[Opening AVAILABLE DATA section]

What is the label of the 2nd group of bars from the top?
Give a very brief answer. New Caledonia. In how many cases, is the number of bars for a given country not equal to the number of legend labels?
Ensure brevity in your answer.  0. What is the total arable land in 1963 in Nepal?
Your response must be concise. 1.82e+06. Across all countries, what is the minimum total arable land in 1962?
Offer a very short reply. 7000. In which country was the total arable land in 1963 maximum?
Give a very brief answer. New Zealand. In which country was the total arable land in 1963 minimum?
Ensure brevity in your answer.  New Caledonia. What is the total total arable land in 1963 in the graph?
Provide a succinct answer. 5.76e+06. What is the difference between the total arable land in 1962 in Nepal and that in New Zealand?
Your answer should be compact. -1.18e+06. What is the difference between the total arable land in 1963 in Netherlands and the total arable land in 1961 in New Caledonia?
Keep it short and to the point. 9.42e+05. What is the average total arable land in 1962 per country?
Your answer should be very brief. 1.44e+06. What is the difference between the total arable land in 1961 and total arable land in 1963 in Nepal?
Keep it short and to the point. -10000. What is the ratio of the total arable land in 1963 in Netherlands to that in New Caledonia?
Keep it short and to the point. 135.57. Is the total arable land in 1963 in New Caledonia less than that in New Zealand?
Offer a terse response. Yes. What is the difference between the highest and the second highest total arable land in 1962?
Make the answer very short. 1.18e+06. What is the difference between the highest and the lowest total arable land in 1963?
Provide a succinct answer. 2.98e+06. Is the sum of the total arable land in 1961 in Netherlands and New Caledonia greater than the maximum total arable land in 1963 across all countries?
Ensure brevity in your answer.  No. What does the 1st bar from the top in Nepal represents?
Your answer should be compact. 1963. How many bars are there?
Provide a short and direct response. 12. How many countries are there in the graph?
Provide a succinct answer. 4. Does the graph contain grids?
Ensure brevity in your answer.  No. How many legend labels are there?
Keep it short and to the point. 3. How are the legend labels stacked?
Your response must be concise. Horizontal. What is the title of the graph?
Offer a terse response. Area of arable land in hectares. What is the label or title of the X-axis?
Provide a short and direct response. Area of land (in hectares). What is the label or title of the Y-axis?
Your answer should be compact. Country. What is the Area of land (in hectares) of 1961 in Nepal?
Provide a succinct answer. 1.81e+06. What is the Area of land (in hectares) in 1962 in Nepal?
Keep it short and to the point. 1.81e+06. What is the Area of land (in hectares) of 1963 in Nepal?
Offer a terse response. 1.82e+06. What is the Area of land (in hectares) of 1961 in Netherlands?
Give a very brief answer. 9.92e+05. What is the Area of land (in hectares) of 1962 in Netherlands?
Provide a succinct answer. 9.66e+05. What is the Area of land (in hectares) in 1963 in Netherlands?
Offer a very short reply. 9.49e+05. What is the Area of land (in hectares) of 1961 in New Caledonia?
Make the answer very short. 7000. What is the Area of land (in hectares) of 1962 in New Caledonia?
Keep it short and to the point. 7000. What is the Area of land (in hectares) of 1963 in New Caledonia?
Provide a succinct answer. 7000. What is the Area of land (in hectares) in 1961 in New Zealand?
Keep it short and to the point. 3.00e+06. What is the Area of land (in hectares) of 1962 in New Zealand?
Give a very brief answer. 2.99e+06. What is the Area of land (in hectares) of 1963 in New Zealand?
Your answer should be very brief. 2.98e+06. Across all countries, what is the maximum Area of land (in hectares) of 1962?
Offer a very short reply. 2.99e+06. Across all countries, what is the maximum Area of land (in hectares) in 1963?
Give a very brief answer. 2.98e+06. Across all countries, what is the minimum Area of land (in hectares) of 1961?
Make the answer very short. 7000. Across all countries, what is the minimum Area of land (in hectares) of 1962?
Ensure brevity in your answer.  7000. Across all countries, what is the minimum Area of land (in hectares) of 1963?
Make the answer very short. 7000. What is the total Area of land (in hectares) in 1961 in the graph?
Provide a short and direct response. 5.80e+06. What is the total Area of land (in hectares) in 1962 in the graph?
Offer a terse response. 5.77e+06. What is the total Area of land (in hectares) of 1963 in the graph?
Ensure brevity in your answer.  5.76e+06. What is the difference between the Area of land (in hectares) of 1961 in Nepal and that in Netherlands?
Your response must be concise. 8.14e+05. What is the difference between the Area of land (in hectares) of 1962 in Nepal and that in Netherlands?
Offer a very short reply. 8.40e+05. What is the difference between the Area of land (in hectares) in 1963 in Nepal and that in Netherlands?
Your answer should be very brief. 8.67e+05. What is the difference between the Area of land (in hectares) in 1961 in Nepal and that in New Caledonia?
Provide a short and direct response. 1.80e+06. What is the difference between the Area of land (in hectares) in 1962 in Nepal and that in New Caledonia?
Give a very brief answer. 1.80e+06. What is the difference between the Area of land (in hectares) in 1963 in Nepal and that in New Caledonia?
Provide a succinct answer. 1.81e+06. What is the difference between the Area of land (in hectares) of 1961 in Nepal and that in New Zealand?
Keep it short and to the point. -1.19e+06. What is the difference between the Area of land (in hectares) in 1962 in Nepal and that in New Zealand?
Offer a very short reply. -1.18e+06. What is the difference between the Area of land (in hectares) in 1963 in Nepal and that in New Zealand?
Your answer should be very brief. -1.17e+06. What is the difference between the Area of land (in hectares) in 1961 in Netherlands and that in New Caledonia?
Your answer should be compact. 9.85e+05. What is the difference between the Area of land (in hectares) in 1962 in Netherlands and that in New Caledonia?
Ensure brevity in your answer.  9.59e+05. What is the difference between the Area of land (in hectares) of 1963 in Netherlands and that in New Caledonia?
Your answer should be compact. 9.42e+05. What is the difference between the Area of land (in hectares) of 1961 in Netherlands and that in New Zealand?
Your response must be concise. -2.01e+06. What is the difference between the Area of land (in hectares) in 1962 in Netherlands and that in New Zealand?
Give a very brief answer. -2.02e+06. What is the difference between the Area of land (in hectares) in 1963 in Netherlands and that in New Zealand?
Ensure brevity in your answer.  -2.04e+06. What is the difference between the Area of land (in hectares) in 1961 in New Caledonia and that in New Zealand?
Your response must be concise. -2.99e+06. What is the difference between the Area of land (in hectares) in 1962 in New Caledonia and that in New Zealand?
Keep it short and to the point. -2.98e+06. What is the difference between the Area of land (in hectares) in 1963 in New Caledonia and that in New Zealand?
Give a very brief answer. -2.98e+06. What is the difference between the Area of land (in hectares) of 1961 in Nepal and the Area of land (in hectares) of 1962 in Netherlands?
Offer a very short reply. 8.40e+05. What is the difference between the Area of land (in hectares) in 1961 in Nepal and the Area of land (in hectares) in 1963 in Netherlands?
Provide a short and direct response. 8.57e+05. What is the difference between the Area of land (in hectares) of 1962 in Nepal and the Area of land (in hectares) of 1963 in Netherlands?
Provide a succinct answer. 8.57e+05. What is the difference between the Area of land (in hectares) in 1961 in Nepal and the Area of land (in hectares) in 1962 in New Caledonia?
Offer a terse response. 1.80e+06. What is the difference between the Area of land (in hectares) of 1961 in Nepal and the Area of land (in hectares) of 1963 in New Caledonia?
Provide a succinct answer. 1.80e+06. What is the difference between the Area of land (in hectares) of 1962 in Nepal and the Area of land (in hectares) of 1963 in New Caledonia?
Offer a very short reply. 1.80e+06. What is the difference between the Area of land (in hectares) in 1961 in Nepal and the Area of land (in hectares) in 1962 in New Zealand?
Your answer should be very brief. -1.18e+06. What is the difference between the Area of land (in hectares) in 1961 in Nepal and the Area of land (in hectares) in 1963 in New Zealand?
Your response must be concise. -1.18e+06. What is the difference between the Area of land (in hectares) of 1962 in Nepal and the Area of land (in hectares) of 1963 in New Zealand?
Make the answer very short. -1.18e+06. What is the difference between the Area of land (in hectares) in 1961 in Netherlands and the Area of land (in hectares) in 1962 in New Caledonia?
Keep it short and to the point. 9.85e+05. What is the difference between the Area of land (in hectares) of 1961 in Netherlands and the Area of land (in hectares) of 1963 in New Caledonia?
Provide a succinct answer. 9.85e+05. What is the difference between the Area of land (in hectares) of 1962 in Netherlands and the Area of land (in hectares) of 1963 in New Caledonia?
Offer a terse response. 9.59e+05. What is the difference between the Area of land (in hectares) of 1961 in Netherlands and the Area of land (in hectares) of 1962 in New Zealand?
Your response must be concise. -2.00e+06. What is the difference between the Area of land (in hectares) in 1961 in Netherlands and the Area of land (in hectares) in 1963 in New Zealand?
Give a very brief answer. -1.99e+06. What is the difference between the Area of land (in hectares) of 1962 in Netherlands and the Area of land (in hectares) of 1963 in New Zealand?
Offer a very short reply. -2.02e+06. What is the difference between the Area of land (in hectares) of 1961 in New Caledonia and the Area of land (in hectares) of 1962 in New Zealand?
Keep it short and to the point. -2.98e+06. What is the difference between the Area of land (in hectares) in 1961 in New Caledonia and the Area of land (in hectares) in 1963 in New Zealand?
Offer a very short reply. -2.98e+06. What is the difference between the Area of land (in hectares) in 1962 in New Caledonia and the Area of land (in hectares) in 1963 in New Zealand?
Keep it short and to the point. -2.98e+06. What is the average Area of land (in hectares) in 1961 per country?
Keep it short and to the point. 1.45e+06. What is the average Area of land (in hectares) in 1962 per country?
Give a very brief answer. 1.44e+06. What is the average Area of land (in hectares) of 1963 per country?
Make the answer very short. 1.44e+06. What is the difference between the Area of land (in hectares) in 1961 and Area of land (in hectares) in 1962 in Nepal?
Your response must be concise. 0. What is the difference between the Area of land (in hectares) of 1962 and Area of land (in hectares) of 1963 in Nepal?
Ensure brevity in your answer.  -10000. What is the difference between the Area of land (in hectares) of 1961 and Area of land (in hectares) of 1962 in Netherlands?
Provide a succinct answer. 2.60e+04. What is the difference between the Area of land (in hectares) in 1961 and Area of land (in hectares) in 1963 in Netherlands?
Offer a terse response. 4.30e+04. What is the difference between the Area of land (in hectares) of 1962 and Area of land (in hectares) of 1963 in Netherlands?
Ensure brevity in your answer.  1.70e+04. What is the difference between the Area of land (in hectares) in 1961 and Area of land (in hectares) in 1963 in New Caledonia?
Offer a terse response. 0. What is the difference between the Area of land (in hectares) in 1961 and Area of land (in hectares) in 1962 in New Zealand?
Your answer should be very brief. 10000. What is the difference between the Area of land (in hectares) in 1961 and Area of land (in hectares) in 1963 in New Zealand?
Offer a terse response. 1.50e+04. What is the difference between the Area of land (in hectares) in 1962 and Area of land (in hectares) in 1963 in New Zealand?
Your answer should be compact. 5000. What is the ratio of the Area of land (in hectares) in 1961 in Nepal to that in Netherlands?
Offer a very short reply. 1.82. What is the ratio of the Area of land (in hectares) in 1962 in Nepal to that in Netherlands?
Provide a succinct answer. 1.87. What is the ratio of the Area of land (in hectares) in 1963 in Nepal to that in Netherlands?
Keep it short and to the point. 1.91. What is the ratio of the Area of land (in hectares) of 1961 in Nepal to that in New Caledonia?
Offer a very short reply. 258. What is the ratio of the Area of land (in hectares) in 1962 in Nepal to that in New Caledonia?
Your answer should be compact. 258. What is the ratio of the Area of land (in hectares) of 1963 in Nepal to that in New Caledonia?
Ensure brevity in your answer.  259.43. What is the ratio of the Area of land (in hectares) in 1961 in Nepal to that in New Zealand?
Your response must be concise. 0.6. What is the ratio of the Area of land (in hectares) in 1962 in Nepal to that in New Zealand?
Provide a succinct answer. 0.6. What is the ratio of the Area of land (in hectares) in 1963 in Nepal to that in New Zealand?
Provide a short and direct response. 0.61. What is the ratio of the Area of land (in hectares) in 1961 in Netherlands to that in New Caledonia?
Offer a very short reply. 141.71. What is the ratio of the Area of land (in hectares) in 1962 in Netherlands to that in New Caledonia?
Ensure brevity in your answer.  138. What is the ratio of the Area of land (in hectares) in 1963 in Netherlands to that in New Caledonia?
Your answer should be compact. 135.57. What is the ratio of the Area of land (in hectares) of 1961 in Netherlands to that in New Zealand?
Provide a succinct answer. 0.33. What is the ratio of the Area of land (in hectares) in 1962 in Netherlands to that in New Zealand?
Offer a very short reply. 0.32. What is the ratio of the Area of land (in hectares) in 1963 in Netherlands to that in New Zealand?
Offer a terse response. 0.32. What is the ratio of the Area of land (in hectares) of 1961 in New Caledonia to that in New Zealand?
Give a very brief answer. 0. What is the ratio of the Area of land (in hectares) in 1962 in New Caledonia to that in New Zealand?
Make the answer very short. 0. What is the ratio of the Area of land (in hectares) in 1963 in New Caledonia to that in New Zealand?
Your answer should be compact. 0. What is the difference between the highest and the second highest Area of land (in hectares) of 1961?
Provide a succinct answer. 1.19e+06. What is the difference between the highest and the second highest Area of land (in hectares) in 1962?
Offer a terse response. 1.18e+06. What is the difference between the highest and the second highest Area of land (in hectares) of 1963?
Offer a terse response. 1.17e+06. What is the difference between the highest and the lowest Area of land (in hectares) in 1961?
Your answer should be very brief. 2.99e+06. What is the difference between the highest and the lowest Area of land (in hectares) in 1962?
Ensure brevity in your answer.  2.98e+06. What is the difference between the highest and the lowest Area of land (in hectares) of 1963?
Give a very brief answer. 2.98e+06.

[Closing AVAILABLE DATA section]

#### YOUR ASSIGNMENT
Please show every line of the records that holds the word "average".

#### RESULT OF THE EXERCISE
Keep it short and to the point. 9.42e+05. What is the average total arable land in 1962 per country?
Keep it short and to the point. -2.98e+06. What is the average Area of land (in hectares) in 1961 per country?
Keep it short and to the point. 1.45e+06. What is the average Area of land (in hectares) in 1962 per country?
Give a very brief answer. 1.44e+06. What is the average Area of land (in hectares) of 1963 per country?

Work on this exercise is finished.